- _Work instruction_
Going down the listing below, print exactly each line from the one with "17. person at [777, 378, 851, 643]" up to and including the one with "34. person at [330, 464, 437, 761]", and skip the rest.

══ Extracted data

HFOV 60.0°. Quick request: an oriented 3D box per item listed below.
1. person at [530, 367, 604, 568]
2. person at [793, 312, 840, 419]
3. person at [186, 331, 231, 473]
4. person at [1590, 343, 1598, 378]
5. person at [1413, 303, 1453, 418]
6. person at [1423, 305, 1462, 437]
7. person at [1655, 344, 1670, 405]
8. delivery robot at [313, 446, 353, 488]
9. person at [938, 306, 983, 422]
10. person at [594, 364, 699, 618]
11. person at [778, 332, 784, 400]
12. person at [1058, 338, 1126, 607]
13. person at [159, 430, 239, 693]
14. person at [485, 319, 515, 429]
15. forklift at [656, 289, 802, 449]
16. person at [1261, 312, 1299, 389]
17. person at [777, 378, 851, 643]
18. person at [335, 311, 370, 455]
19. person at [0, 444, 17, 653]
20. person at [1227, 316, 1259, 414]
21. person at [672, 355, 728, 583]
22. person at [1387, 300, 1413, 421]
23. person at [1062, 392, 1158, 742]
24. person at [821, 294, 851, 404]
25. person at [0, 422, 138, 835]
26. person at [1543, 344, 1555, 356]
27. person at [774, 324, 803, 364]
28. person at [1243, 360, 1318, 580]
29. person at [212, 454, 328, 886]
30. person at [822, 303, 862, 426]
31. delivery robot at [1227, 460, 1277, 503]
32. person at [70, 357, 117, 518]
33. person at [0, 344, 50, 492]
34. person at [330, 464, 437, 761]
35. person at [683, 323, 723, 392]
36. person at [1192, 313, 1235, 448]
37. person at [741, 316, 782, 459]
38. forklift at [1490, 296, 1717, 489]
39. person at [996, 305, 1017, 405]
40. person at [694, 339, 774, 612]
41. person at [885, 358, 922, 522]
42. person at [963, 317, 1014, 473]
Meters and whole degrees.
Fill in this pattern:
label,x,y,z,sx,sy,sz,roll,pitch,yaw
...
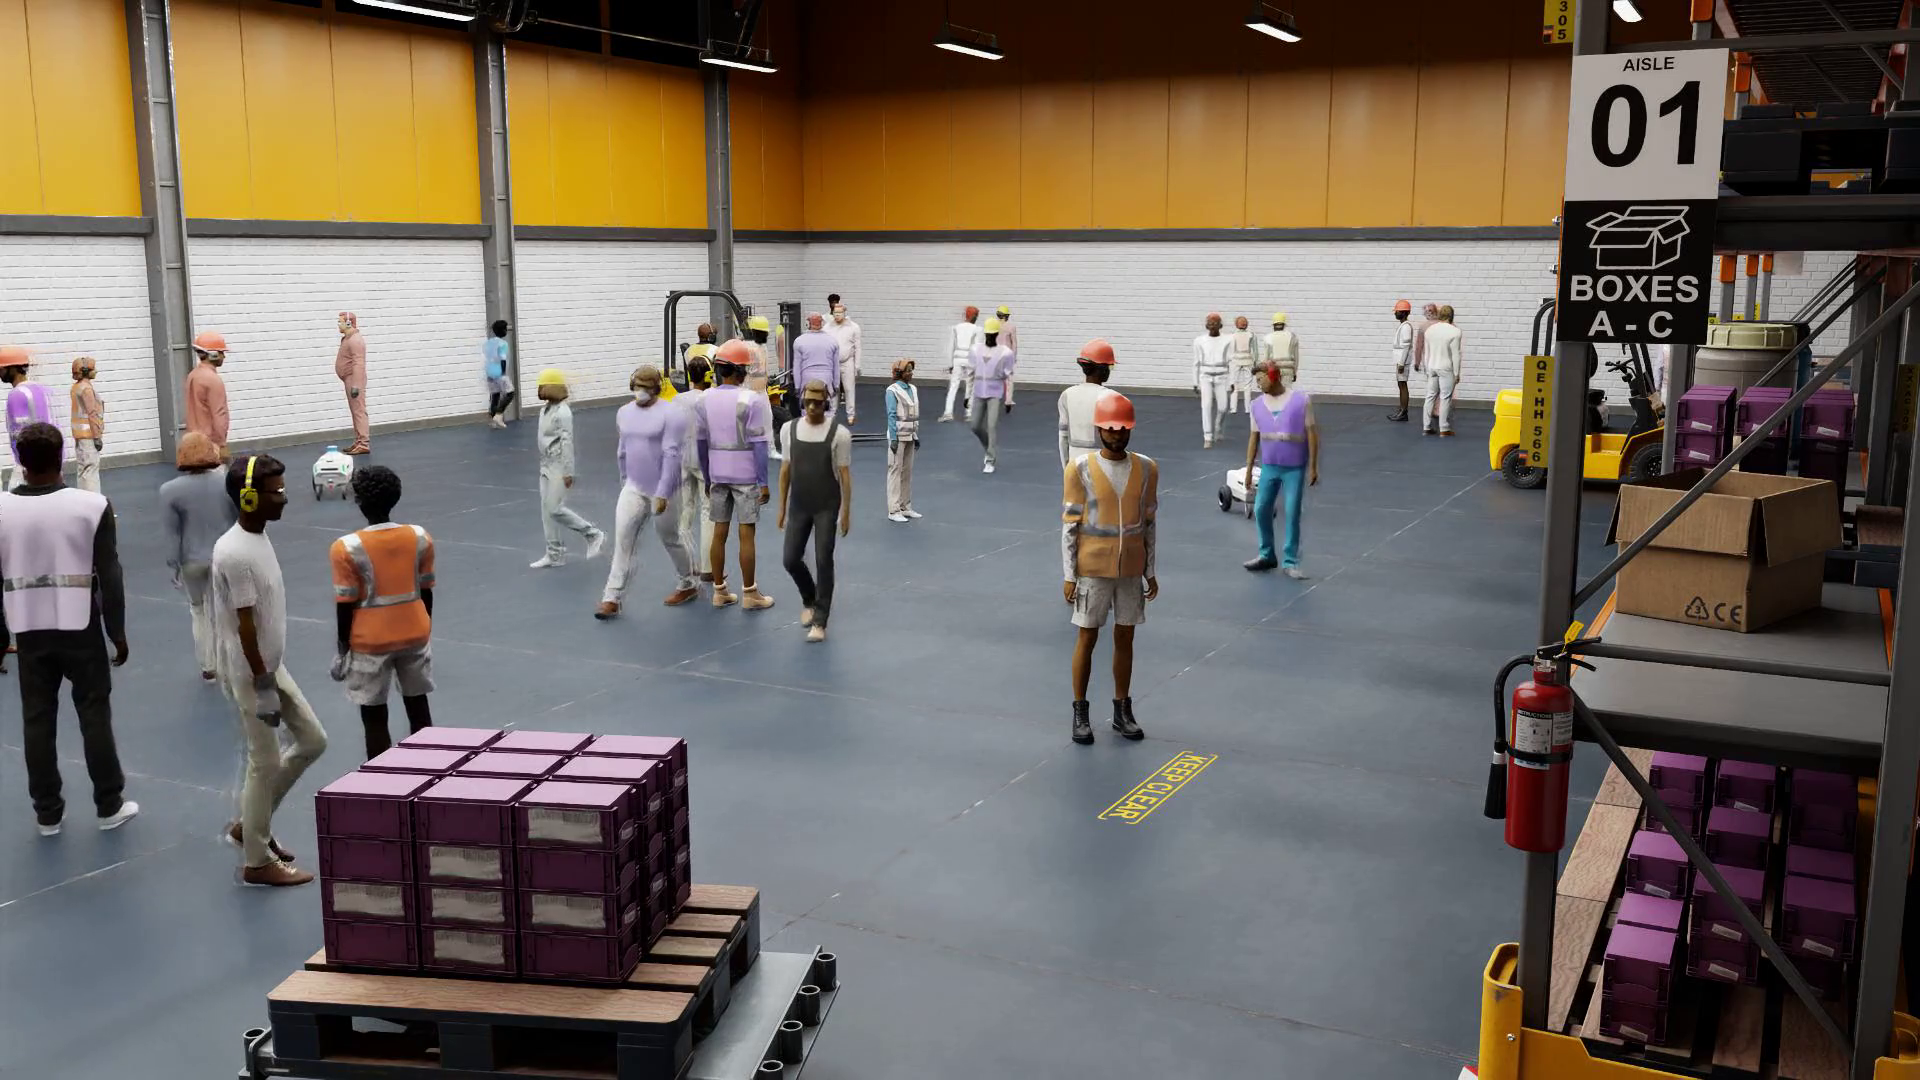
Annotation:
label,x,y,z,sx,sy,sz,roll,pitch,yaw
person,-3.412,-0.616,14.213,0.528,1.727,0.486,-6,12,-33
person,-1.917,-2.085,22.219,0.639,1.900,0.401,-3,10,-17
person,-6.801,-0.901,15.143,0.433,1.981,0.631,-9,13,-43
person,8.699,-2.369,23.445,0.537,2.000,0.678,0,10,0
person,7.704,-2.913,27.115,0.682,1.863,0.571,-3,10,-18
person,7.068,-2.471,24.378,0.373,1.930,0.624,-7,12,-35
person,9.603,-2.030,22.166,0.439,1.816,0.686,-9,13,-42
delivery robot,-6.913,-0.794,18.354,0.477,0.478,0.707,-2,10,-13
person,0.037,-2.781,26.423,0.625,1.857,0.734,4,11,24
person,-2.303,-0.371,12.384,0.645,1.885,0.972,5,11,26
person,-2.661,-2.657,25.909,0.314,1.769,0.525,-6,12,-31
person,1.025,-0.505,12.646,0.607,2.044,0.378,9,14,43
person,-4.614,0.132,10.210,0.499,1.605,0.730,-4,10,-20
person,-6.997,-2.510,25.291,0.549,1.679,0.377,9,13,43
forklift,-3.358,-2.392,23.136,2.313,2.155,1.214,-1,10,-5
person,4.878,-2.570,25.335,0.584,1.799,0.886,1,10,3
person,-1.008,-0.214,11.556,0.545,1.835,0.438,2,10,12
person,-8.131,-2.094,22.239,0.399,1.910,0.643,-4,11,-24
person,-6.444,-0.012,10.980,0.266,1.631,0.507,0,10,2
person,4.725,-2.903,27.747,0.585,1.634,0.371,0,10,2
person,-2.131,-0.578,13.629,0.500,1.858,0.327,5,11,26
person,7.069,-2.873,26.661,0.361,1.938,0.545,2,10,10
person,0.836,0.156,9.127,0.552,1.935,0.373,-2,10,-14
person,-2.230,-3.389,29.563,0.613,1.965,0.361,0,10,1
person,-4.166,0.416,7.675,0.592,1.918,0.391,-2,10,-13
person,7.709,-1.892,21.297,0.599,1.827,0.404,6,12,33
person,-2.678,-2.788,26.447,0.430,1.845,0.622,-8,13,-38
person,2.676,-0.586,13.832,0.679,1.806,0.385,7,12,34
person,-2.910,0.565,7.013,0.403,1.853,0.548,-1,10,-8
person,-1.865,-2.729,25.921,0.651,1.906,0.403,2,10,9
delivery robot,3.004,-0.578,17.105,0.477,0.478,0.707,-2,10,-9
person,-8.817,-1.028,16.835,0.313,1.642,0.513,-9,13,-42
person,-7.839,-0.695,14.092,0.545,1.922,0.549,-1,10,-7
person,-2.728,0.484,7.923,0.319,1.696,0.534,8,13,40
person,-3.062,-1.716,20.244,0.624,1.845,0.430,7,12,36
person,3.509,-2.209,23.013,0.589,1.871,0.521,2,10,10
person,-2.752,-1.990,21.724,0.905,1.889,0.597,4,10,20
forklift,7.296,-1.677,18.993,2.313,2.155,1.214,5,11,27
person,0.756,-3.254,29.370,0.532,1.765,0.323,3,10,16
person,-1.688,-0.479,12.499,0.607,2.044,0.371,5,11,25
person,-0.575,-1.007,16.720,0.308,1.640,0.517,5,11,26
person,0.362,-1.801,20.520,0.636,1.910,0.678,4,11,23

════
══ Extracted data

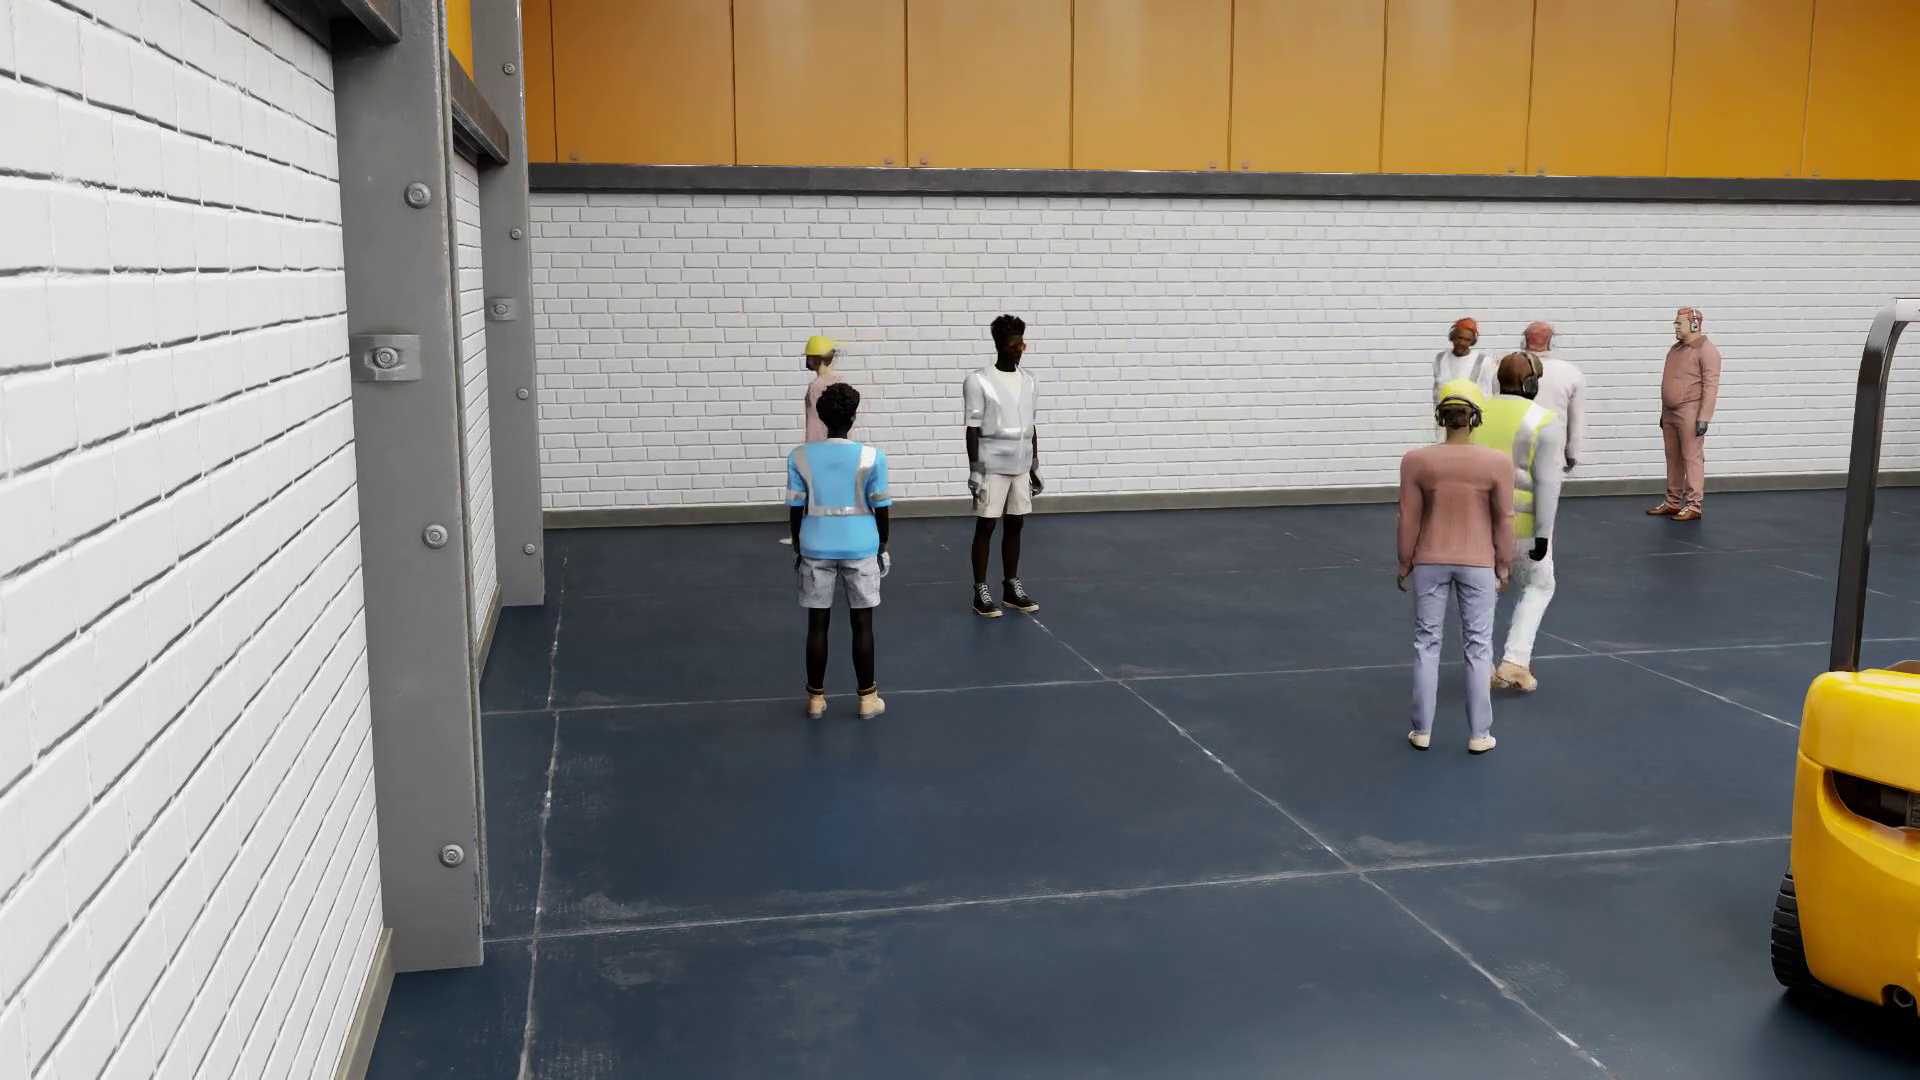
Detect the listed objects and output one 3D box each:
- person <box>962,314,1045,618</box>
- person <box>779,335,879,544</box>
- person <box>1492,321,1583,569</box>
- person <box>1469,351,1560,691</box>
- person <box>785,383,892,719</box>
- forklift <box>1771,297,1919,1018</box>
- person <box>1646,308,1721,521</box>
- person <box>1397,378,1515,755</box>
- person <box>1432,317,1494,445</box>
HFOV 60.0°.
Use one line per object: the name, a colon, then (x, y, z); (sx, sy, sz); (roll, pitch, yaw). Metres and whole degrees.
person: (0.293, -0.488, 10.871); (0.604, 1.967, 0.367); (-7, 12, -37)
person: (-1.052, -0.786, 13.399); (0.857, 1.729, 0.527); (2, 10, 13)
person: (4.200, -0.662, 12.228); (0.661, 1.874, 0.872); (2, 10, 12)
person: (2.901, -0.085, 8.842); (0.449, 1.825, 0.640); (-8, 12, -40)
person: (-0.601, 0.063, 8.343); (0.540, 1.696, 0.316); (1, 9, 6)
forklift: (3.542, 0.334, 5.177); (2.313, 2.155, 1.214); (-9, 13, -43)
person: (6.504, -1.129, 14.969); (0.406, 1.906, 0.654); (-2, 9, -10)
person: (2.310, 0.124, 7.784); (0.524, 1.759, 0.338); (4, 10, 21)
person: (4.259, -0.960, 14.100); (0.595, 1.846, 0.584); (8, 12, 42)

════

- _Expected output_
17. person at [777, 378, 851, 643]
18. person at [335, 311, 370, 455]
19. person at [0, 444, 17, 653]
20. person at [1227, 316, 1259, 414]
21. person at [672, 355, 728, 583]
22. person at [1387, 300, 1413, 421]
23. person at [1062, 392, 1158, 742]
24. person at [821, 294, 851, 404]
25. person at [0, 422, 138, 835]
26. person at [1543, 344, 1555, 356]
27. person at [774, 324, 803, 364]
28. person at [1243, 360, 1318, 580]
29. person at [212, 454, 328, 886]
30. person at [822, 303, 862, 426]
31. delivery robot at [1227, 460, 1277, 503]
32. person at [70, 357, 117, 518]
33. person at [0, 344, 50, 492]
34. person at [330, 464, 437, 761]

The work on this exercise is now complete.